TEHRAN — Iran’s first president after the 1979 Islamic revolution, Abolhassan Banisadr, died in a Paris hospital on Saturday aged 88, after decades of exile in France following his dismissal by parliament.

“After a long illness, Abolhassan Banisadr died on Saturday at the [Pitie-]Salpetriere hospital in southeast Paris,” official IRNA news agency said, citing a source close to the former president.

His family in France confirmed his death.

“We would like to inform the honourable people of Iran and all the activists of independence and freedom that... Abolhassan Banisadr has passed away... after a long struggle with illness,” they said in a statement.

The family statement hailed Banisadr as someone who “defended freedoms”.

But he was slammed by Iran’s judiciary.

“All these years, under the shadow of French and Western intelligence, he did not miss a beat to defame the people and the system of the Islamic republic,” said a statement published on its Mizan Online website.

Banisadr won Iran’s first free election in 1980 to become president hot on the heels of the previous year’s Islamic revolution.

But he was dismissed by the Iranian parliament in 1981 as his relations with late supreme leader Ayatollah Ruhollah Khomeini deteriorated. Since then, he had been living in exile in France.

 

‘Khomeini’s spiritual son’ 

 

Born on March 22, 1933 in a village near Hamadan in western Iran, Banisadr was a supporter of liberal Islam.

A practising Muslim, at the age of 17 he became active in the ranks of the National Front of Iran, the movement of nationalist leader Mohammad Mossadegh.

After studying theology, economics and sociology, Banisadr became a staunch opponent of the shah’s regime.

Wanted by the police, he was forced to flee Iran in 1963 and settled in Paris.
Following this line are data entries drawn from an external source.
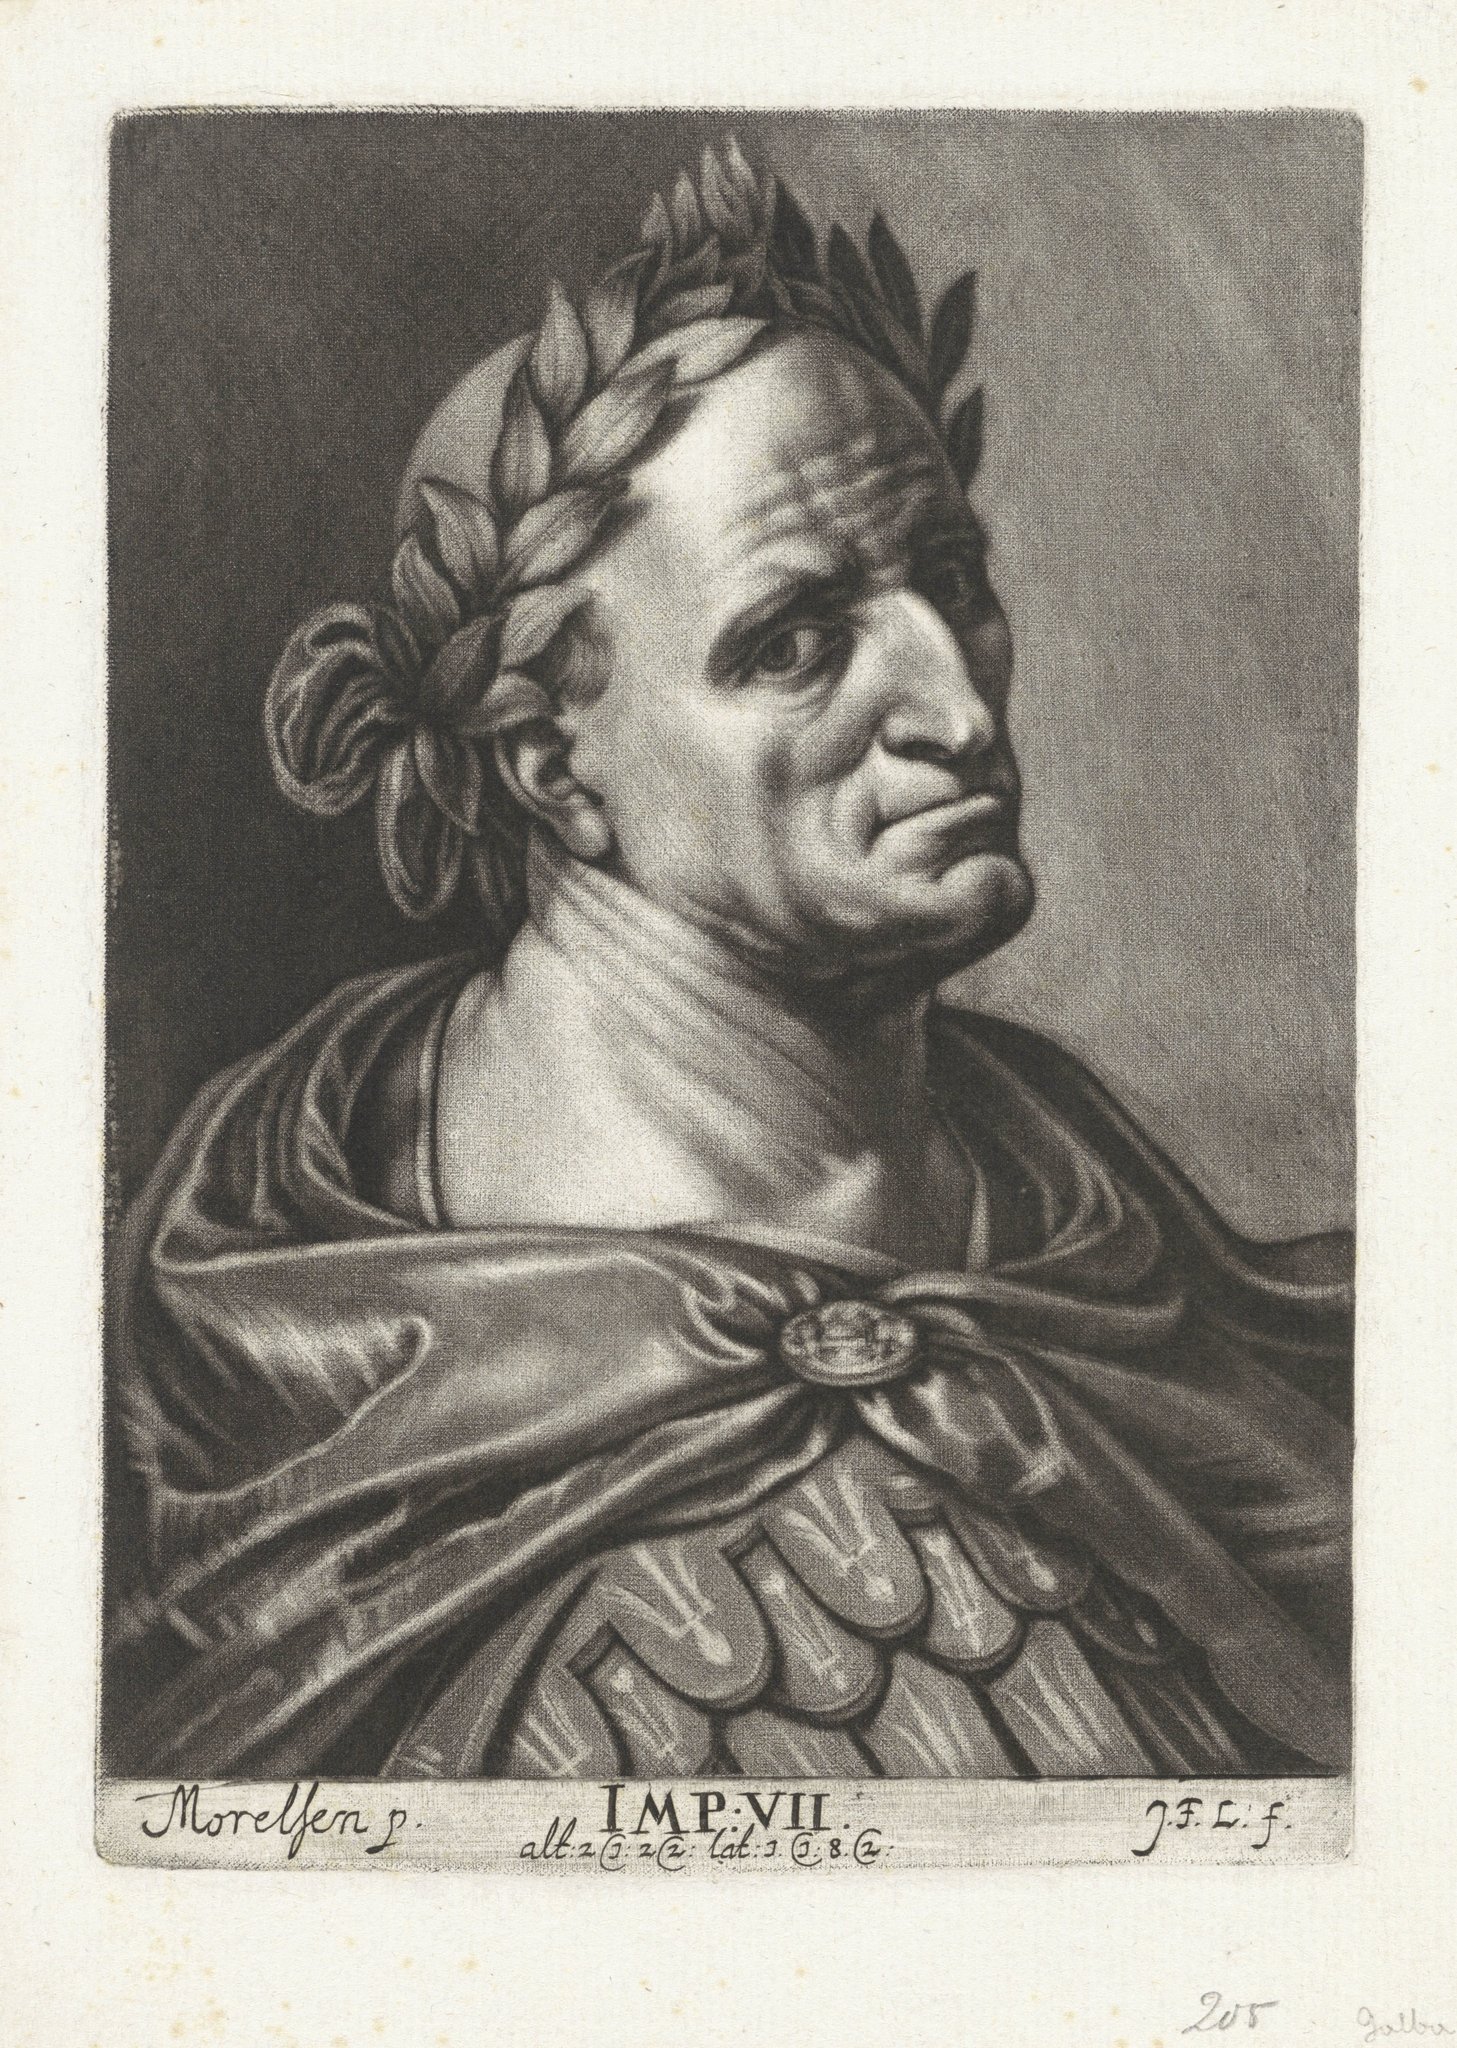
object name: print
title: Portret van keizer Galba
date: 1643-1680
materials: paper
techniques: engraving
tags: keizer, galba (keizer van het romeinse rijk)
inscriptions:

In 1970, he advocated the union of the Iranian opposition around Khomeini, who was exiled in Iraq at the time.

In October 1978, Khomeini went to France, and Banisadr became part of his inner circle, referring to him as “dear father”.
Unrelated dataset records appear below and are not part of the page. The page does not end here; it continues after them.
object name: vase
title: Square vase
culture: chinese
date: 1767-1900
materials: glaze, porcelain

Banisadr would later express regret that he had not recognised Khomeini’s “taste for power”.

On February 1, 1979, Banisadr was on the plane that brought Khomeini back to Iran.

He served as Iran’s minister of economics and, for a few days, foreign affairs.

The man at times referred to as “Khomeini’s spiritual son” was elected president of the Islamic Republic of Iran on January 26, 1980.

 

From exile and back 

 

From the start of his mandate, Banisadr faced immense difficulties: The US hostage crisis, the Iran-Iraq war, economic woes and, above all, the opposition of powerful clerics.

In charge of the armed forces as president from February 1980 to June 1981, he reorganised Iran’s military and spent much of his time on the front lines of the start of the eight-year war with Iraq.

But the proponent of a “third Islamic path” that respected democratic principles, he faced intense pressure from ultraconservative clerics.

After over a year of disputes with some senior members of the Shiite clergy and the Islamic Republic Party that controlled parliament, the democratisation process came to a halt.

On June 21, 1981, Banisadr was dismissed by parliament for “political incompetence”, with Khomeini’s approval.

After hiding for a week, he was smuggled onto an air force jetliner hijacked by one of his supporters, and escaped to France, where he was granted asylum and provided with police protection.

Once in exile, Banisadr founded the National Council of Resistance of Iran with Massoud Rajavi, leader of the People’s Mojahedin Organisation of Iran and representatives from minority communities such as Iranian Kurds.

Banisadr fell out with Rajavi, however, and later left the council.

He wrote a book that accused Iran’s ayatollahs of plotting to seize power, and testified about the murders of Iranian dissidents that he blamed on the mullahs.

He had been living in Versailles since May 1984.

For many Iranians born after the 1979 revolution, Banisadr was an unknown.

“He was president for a very short time, then he left for France,” said a 40-year-old worker in Tehran, who declined to be identified. “His activity had no resonance here.”

“I don’t know him,” said Ali, a 40-year-old salesman. “Recognition occurs when that person is here and working.”